No obstante se han iniciado discusiones prematuras con base en este montón de
materiales acumulados porque no hubo acuerdo inicial sobre los principios. (...)
Si de verdad queremos tener una arquitectura de nuestro tiempo, lo primero que
tenemos que hacer es que sea nuestra y que no vaya a buscar fuera sino dentro de
nuestra sociedad sus formas y sus disposiciones. Nada más indicado que nuestros
arquitectos conozcan los mejores ejemplos de lo que se ha hecho entes de nosotros y
en condiciones semejantes y, a esos conocimientos, añadan un buen método y
espíritu crítico. Es excelente que sepan hasta qué punto las artes antiguas han sido
una imagen fiel de las sociedades en medio de las cuales se desarrollaron, pero que
ese saber no conduzca a una imitación irreflexiva de esas formas a menudo ajenas a
nuestras costumbres. Lo negativo es que con el pretexto de conservar tal o cual
doctrina, e incluso quizá por no alterar la existencia de una veintena de personas, no
se intente extraer de esos estudios consecuencias prácticas fijándose más en los
principios que en las formas. Es preciso que el arquitecto no sea solamente sabio, sino
que se sirva de su ciencia y aporte algo de sí mismo; que consienta olvidar los lugares
comunes que con una persistencia digna de un fin más noble han pesado sobre el arte
de la arquitectura desde hace casi doscientos años. (...)
Duodécimo coloquio
Estudiar los sistemas admitidos por los constructores que nos han precedido en el
tiempo es el medio seguro para aprender a construir nosotros mismos, mas es preciso
extraer de este estudio algo más que simples copias. Así, por ejemplo, reconocemos
que en los principios estructurales de las bóvedas de la Edad Media hay elementos
excelentes por cuanto permiten una gran libertad de ejecución, una gran levedad y al
mismo tiempo elasticidad. ¿Quiere esto decir que si queremos utilizar los materiales
nuevos que nos ofrece la industria, como el hierro colado o la plancha, hay que
contentarse con reemplazar los arcos de piedra por arcos de hierro colado o de
plancha? No, podemos adoptar los principios, y si al adoptarlos cambiamos el material,
la forma tiene que cambiar también.
En el coloquio anterior hemos mostrado cómo mediante el empleo restringido del
hierro colado se podía abovedar una sala muy amplia sin recurrir a los contrafuertes.

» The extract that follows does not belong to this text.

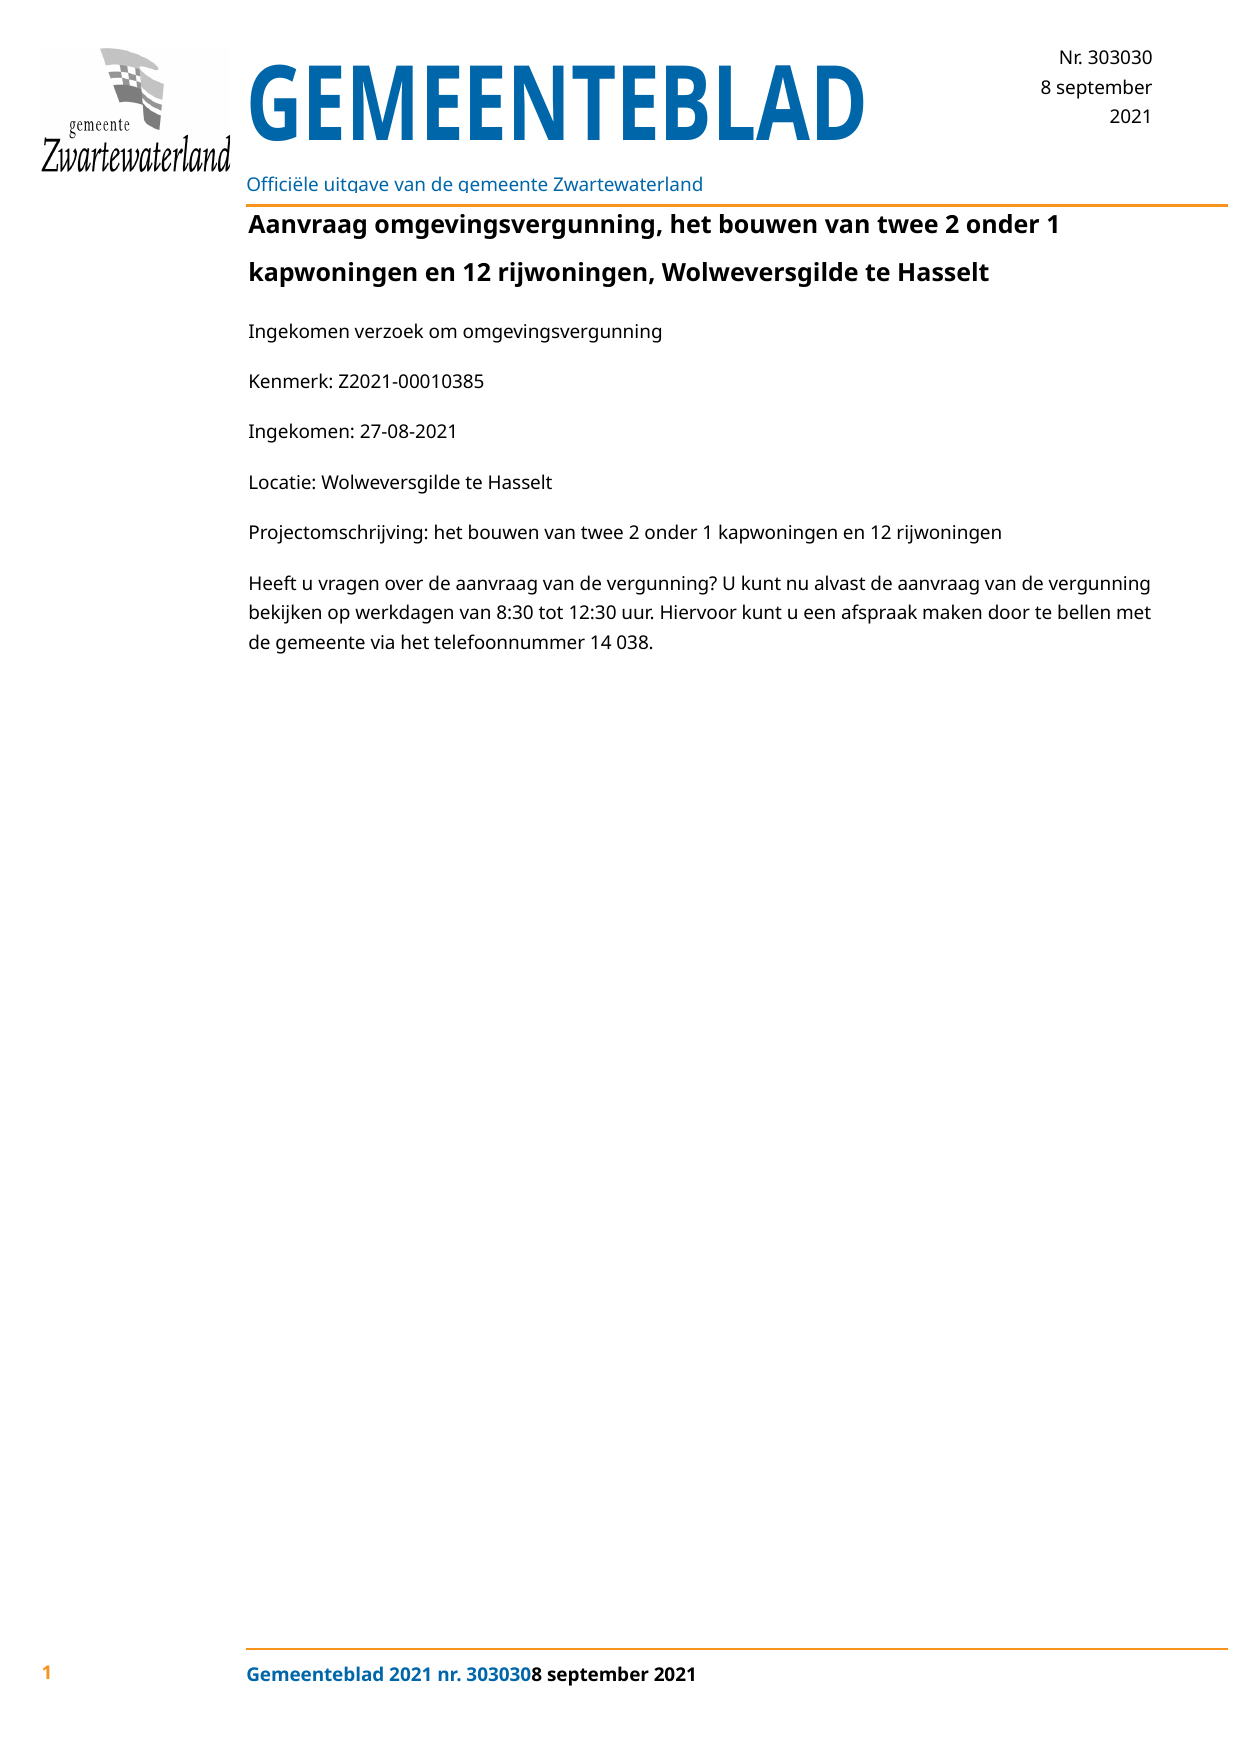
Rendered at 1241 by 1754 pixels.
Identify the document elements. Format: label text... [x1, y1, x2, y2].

Debemos desarrollar las aplicaciones de esos materiales nuevos y mostrar cómo,
conservando los excelentes principios admitidos por constructores pretéritos, nos
vemos empujados a modificar las formas de la estructura. No es necesario repetir aquí
lo que ya hemos dicho muchas veces sobre las condiciones de estructura en fábrica
(albañilería); admitimos que nuestros lectores han reconocido que no hay, en líneas
generales, más de dos estructuras: la estructura pasiva, inerte, y la estructura
equilibrada.
Más que nunca nos vemos llevados a no admitir tan sólo a esta última, tanto en razón
de la naturaleza de los materiales utilizados como por motivos económicos que cada
día son más imperiosos. Los maestros de la Edad Media nos han abierto el camino, lo
cual es un progreso, con independencia de los que se diga; nosotros debemos
continuarlo. (...)
Convenzámonos, una vez más, de que la arquitectura no puede revestir formas
nuevas sino va a buscarlas en una aplicación rigurosa de una estructura nueva; que
revestir columnas de hierro con cilindros de ladrillo, o con capas de estuco o envolver
soportes de hierro en fábrica, por ejemplo, no es el resultado de un esfuerzo de cálculo
ni de imaginación sino solamente el empleo disimulado de un medio no podría
conducir a formas nuevas.
Cuando los maestros laicos del siglo XIII encontraron un sistema de estructura ajeno a
todos los empleados hasta ese momento, no dieron a su arquitectura las formas
admitidas por los arquitectos romanos o románicos, sino que expresaron francamente
esta estructura y así pudieron aplicar nuevas formas con su fisonomía propia.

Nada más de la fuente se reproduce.